“Ты, жгучий отпрыск Аввакума...” - страница 4

стр.

Как рассказывал потом Клюев Архипову под запись последнего: «Раскинул розмысли: как дальше быть? И пришло мне на ум написать письмо Есенину, потому как раньше я был наслышан о его достатках немалых, женитьбе богатой и лёгкой жизни. Писал письмо слезами, так, мол, и так, мой песенный братец, одной мы зыбкой пестованы, матерью-землёй в мир посланы, одной крестной клятвой закляты, и другого ему немало написал я, червонных и кипарисных слов, отчего допрежь у него, как мне приметно, сердце отеплялось».

Есенин же в это время по возвращении из-за границы буквально не знал покоя. Разорвав отношения с Дункан, пресекши всю прежнюю дружбу с Мариенгофом, бездомный, бесприютный — он жил в переполненной квартире у своей подруги Галины Бениславской и мечтал издавать свой собственный журнал. Возобновил отношения с прежними друзьями — Сергеем Клычковым, Петром Орешиным, Пименом Карповым, приехавшим в Москву Александром Ширяевцем. Пришёл на приём к Троцкому с разговором о журнале, который должен называться «Россияне» — в новой России должна в полный голос заговорить «крестьянская купница». Наркомвоенмор с дьявольской ухмылкой дал добро: дескать, дерзайте, издавайте, но ответственность всю — политическую и финансовую — берите на себя… Есенин ощутил холод «каменной десницы», почувствовал, что это «покровительство» не сулит ничего доброго — и отказался.

Тем не менее мысли о журнале не оставил. Рассчитывал выпускать его при Госиздате на правах «самостоятельной сметы» объёмом тридцать печатных листов. Жаждал быть единоличным редактором — и тут же столкнулся с сопротивлением Клычкова и Орешина, которые хотели равных прав в отборе материала.

И тут — приходит письмо от Николая.

«Письмо это было от поэта Н. Клюева, — вспоминал Семён Фомин, — который жаловался Есенину на своё тяжёлое положение, упоминал про гроб, заступ и могилу». Анна Назарова, подруга и соседка Бениславской по квартире, воспроизвела по памяти отдельные строки: «Умираю с голоду, болен. Хочу посмотреть ещё раз своего Серёженьку, чтоб спокойней умереть». Серёженька взбудоражился, разволновался. Бросил все дела и отправился в Питер в сопровождении Ивана Приблудного, Александра Сахарова и Иосифа Аксельрода — прихлебателя и собутыльника, волочившегося в этот период за Сергеем, как хвост за собакой. Отправилась весёлая компания так: безденежный Есенин и Приблудный в жёстком сидячем вагоне, денежный Сахаров и Аксельрод — в мягком.

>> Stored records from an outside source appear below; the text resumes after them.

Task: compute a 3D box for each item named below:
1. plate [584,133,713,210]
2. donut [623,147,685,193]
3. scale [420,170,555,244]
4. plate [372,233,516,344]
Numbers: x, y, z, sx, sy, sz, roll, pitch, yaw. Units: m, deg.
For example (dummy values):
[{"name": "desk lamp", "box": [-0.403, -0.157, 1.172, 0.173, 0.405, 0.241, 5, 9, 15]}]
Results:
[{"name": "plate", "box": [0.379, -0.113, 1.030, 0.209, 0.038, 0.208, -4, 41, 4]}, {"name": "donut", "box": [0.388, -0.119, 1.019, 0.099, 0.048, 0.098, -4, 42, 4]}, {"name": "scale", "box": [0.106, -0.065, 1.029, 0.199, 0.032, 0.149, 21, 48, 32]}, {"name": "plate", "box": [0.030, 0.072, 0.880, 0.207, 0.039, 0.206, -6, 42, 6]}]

Раздребежженный Есенин, пытающийся успокоить себя алкоголем и оттого ещё более взвинченный, весь на нервах от мысли, что сбываются самые дурные его предчувствия, которые он, возвращаясь из Америки, излагал в письме к Кусикову («Теперь, когда от революции остались только клюнь да трубка, теперь, когда жмут руки и лижут жопы тем, кого раньше расстреливали, чувствую, что и я, и ты будем той сволочью, на которую можно всех собак вешать. Перестаю понимать, к какой революции я принадлежал. Знаю только, что ни к февральской и ни к октябрьской. Наверное, в нас скрывался и скрывается какой-нибудь ноябрь…»)… Эх, не в этом бы состоянии встречаться ему с Клюевым. Ну да в таких случаях не выбирают.

И встретились…

«В городе дни — чердачные серые кошки, только растопляю я раз печку: поленья сырые, горькие, дуну я на них, глотаю дым едучий. — вспоминал Клюев. — Выело у меня глаза дымом, плачу я, слёзы с золой мешаю, сердцем в родную избу простираюсь, красную лежанку вспоминаю, избяной разорённый рай… Только слышу, позад меня стоит кто-то и городским панельным голосом на меня как лошадь нукает: „Ну, ну!“ Обернулся я, не признал человечину: стоит передо мной стрюцкий, от каких я на питерских улицах в сторону шарахаюсь. Лицо у него не осеннее и духом от него тянет погибельным, нос порошком, как у ночной девки, до бела присыпан и губы краской подведены. Есенин — внук Коловратов, верба рязанская!»

Несколько лет они не виделись. И страшные предчувствия Клюева, мнилось, оправдываются. «Какая ужасная повесть!» Продаёт Серёженька, как баба, поэзию — и сам на продажного стал похож. Верные слухи дошли!